Sekolah Lanai nge Jadi Pilihen?
Nomi Br Sinulingga

“Agindu sudah enggak mau sekolah lagi. Baru juga tiga bulan di SMA, dan dia sudah tidak mau lagi melanjutkan sekolahnya. Hal ini membuat aku dan bapandu seh sedihna. Bahkan seminggu pertama ketika dia bilang gak mau sekolah lagi, bapandu sangat stress bahkan sampai mencret-mencret.” Ibu itu dengan mata sayu mencurhatkan keadaan anaknya yang sudah tidak mau melanjutkan sekolah lagi sambil menyenderkan punggungnya ke kursi.

“Kai akapndu banci ban kami ras bapandu gelah agindu nggit ulihi sekolah me?” Dengan sedikit senyum aku hanya memandang ibu itu dalam diam sambil berpikir, apa yang bisa aku katakan untuk mengurangi sedikit beban di hatinya.

“Cuba min sungkuni sura-surana Bi?”

“Enggo nge sungkuni kami manjar-manjar kai sura-surana. Tapi sinik saja ia, emaka gedang-gedang wari labo jelas kal kai dahinna i kuta. Lang sekolah montir ningkami, epe labo ia ersura kal. Adi ku juma isuruh pe labo ia nggit. Uga nari nge pagi masa depanna, tah jadi kai nge atena pagin?”

“Uga kin lingkungenna bergaul i kuta Bi? Adi la ia sekolah, lit kin temanna adi kerina kari kalak seusia ia ku sekolah sanga jam sekolah?”

“Kuakap pe lingkungen seh kel nge mempengaruhi ia, sebab i kuta enterem seumur agindu si harusna sekolah tapi lanai sekolah. Si lanai sekolah nari em, je temanna. Kadang mela akap Bapandu ah adi jumpa ras guru sekolahna, sebab rusur i sungkunna engkai maka agindu lanai sekolah. Janah kai nari akapndu ban jabab pe, bapandu Pertua ka.” Ibu itu semakin pelan bercerita sambil menahan supaya mampu membendung kesedihan hatinya.
Curhatan ibu ini membuat saya banyak merenung tentang pendidikan dan semangat belajar yang ada di anak muda Karo saat ini.

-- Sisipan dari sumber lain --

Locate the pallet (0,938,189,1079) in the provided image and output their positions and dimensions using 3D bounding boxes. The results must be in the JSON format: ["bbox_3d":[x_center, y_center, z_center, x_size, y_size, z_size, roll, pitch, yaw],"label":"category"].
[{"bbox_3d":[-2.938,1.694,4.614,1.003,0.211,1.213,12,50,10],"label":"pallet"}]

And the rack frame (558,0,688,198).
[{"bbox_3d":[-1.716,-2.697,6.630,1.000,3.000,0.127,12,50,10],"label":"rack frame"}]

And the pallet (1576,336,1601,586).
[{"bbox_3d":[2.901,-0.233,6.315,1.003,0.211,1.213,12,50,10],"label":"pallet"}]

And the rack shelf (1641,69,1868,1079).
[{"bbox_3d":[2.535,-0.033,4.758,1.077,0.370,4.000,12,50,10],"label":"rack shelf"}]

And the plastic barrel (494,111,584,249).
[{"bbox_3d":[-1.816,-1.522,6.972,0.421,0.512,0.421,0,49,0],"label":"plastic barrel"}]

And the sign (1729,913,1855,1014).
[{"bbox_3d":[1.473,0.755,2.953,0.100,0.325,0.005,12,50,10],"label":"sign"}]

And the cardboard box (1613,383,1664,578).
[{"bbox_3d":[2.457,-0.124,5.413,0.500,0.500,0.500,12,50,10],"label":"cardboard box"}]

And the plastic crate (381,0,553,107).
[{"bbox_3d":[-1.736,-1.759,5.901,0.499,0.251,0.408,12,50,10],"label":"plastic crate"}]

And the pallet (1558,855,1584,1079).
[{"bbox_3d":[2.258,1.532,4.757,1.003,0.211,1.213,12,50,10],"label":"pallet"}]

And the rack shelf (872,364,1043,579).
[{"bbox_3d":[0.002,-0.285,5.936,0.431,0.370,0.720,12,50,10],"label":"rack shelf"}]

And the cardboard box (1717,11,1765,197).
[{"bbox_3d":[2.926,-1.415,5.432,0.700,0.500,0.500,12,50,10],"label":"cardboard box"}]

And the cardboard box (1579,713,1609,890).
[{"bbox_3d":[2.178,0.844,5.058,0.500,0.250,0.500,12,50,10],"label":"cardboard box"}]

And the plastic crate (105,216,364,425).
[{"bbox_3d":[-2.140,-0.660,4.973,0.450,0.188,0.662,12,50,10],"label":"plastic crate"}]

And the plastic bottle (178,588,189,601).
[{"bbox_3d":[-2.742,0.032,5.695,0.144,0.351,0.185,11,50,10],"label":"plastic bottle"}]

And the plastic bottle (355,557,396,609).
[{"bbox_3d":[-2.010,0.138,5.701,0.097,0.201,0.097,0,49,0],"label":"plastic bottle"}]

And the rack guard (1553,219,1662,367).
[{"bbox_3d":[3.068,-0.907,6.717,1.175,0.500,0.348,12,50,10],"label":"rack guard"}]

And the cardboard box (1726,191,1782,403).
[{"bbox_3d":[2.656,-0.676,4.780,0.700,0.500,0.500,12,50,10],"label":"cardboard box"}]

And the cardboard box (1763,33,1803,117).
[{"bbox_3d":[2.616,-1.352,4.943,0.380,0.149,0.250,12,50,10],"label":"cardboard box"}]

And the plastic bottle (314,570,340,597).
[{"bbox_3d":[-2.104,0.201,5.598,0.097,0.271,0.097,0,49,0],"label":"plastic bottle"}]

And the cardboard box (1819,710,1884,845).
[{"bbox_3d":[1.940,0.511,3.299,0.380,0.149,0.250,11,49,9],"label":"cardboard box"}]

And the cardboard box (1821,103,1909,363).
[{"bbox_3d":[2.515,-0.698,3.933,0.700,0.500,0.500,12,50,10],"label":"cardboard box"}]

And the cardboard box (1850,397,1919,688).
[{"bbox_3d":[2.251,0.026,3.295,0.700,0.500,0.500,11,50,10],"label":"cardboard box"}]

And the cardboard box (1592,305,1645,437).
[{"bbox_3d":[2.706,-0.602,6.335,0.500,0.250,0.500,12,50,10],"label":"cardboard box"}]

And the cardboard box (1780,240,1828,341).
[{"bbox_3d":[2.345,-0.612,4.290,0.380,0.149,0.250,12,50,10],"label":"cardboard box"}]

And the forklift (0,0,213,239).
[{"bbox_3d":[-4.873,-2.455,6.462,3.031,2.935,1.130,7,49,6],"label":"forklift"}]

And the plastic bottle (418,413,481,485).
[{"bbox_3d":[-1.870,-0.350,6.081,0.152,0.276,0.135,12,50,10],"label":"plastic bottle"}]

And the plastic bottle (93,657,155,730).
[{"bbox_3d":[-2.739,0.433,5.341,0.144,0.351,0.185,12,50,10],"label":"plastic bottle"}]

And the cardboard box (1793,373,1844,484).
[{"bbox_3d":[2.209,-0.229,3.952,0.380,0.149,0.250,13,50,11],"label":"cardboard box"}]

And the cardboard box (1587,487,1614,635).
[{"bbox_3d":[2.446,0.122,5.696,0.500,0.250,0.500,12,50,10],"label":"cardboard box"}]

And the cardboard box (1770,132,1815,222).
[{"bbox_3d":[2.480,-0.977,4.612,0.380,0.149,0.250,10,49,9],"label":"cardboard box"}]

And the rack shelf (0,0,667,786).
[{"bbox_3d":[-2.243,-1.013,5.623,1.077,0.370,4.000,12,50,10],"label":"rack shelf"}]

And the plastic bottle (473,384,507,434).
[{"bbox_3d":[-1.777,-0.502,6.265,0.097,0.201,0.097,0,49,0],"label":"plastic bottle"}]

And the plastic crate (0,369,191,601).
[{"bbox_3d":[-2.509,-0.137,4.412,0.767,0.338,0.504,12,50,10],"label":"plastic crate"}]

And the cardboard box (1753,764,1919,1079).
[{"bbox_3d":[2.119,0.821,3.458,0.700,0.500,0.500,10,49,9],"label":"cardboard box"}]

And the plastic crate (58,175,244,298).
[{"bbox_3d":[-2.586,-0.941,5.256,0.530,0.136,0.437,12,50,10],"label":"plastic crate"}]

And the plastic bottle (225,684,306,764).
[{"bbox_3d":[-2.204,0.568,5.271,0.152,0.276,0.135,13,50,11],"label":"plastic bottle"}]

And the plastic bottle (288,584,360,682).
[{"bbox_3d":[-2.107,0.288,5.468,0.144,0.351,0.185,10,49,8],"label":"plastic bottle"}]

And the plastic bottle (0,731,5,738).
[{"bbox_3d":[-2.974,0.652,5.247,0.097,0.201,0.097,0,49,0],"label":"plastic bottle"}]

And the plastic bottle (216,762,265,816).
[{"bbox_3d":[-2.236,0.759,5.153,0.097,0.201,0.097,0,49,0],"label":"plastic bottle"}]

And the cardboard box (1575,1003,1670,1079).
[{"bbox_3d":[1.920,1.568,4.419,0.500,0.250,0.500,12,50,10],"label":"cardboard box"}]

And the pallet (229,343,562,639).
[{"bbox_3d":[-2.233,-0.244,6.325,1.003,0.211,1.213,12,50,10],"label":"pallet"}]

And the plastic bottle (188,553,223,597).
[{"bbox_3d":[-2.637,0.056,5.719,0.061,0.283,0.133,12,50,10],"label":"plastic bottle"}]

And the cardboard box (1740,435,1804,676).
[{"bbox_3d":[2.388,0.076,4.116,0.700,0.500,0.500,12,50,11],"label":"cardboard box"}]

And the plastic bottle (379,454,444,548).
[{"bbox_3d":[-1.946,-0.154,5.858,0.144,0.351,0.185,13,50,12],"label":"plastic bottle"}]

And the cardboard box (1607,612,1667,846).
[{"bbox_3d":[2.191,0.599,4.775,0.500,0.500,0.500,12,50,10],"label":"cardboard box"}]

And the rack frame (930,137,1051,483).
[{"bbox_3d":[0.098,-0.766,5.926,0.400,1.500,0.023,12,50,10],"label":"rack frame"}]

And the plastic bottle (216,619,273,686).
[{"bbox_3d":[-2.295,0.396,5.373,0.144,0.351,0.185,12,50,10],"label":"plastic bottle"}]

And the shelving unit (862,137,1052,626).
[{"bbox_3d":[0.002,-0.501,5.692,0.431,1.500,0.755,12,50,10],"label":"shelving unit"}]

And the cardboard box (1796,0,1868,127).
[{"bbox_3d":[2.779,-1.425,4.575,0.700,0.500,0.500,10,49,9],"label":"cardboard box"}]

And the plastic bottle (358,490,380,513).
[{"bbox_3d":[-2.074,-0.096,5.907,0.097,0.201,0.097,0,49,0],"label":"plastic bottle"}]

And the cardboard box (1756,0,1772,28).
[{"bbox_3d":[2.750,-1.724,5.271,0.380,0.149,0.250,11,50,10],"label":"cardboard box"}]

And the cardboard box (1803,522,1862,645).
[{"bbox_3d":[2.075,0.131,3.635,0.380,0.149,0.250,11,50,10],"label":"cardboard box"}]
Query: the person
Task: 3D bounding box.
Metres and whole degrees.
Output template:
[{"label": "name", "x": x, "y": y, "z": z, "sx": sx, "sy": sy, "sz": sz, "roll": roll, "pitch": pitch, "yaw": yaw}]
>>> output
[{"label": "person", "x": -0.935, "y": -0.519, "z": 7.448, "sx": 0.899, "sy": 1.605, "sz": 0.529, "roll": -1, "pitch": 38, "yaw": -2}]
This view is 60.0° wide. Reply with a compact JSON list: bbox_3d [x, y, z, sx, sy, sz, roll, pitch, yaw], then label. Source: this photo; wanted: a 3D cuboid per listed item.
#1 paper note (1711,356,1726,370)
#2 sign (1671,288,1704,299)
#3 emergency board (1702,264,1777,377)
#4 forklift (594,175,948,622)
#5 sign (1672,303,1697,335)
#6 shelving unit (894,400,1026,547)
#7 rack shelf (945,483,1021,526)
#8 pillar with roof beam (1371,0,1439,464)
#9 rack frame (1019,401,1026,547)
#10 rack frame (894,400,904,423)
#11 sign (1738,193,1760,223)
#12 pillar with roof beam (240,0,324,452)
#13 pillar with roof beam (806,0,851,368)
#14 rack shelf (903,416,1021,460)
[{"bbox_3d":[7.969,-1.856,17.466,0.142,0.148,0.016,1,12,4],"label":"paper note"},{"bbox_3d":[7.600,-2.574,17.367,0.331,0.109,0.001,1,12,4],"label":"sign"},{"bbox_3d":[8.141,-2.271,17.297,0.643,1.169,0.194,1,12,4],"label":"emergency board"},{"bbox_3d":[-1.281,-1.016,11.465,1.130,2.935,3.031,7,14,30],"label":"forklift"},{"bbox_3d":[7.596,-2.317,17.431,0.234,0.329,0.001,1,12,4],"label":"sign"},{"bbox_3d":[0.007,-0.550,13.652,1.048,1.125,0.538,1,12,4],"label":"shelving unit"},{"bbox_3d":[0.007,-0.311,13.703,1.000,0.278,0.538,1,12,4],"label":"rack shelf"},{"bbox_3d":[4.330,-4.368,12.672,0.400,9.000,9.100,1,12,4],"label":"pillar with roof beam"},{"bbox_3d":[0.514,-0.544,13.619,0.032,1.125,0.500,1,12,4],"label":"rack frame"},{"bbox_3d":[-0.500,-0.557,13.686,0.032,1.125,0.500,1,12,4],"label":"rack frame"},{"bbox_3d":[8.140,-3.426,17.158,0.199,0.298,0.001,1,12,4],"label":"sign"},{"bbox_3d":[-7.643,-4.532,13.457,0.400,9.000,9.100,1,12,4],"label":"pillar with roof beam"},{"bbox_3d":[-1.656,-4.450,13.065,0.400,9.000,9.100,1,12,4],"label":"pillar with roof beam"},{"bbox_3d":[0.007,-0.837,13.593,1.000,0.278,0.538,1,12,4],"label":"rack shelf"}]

Kemungkinan besar ibu ini bukan hanya seorang diri mengalami kesulitan menyuruh anaknya untuk tutus sekolah. Banyak pernanden bersusah hati karena anaknya tidak mau melanjutkan sekolah. Masih banyak ibu yang akan menceritakan pergumulan yang sama apabila kita mau berbicara dari hati ke hati dengan mereka. Semangat supaya sekolah tinggi mungkin lebih banyak yang tersisa hanya pada orang tua. Namun pada generasi yang seharusnya sekolah, sering sekali motivasi untuk sekolah semakin menurun.

Siapa yang harus kita salahkan? Dari manakah persoalan ini harus mulai di selesaikan? Apakah sudah mulai redup obor semangat baik orang tua maupun anak-anak orang Karo untuk sekolah tinggi. Apakah masa-masa keinginan datang ke Jawa bersekolah atau setidak-tidaknya datang ke kota Medan untuk belajar sudah mulai berlalu ? Mungkinkah pendidikan juga saat ini bukan sesuatu yang bisa diharapkan lagi. Dan kenyataannya memang sangat berbeda era globalisasi ini dengan masa lalu dimana sekolah akan memberikan status sosial yang baik dan juga jaminan masa depan yang penuh harapan?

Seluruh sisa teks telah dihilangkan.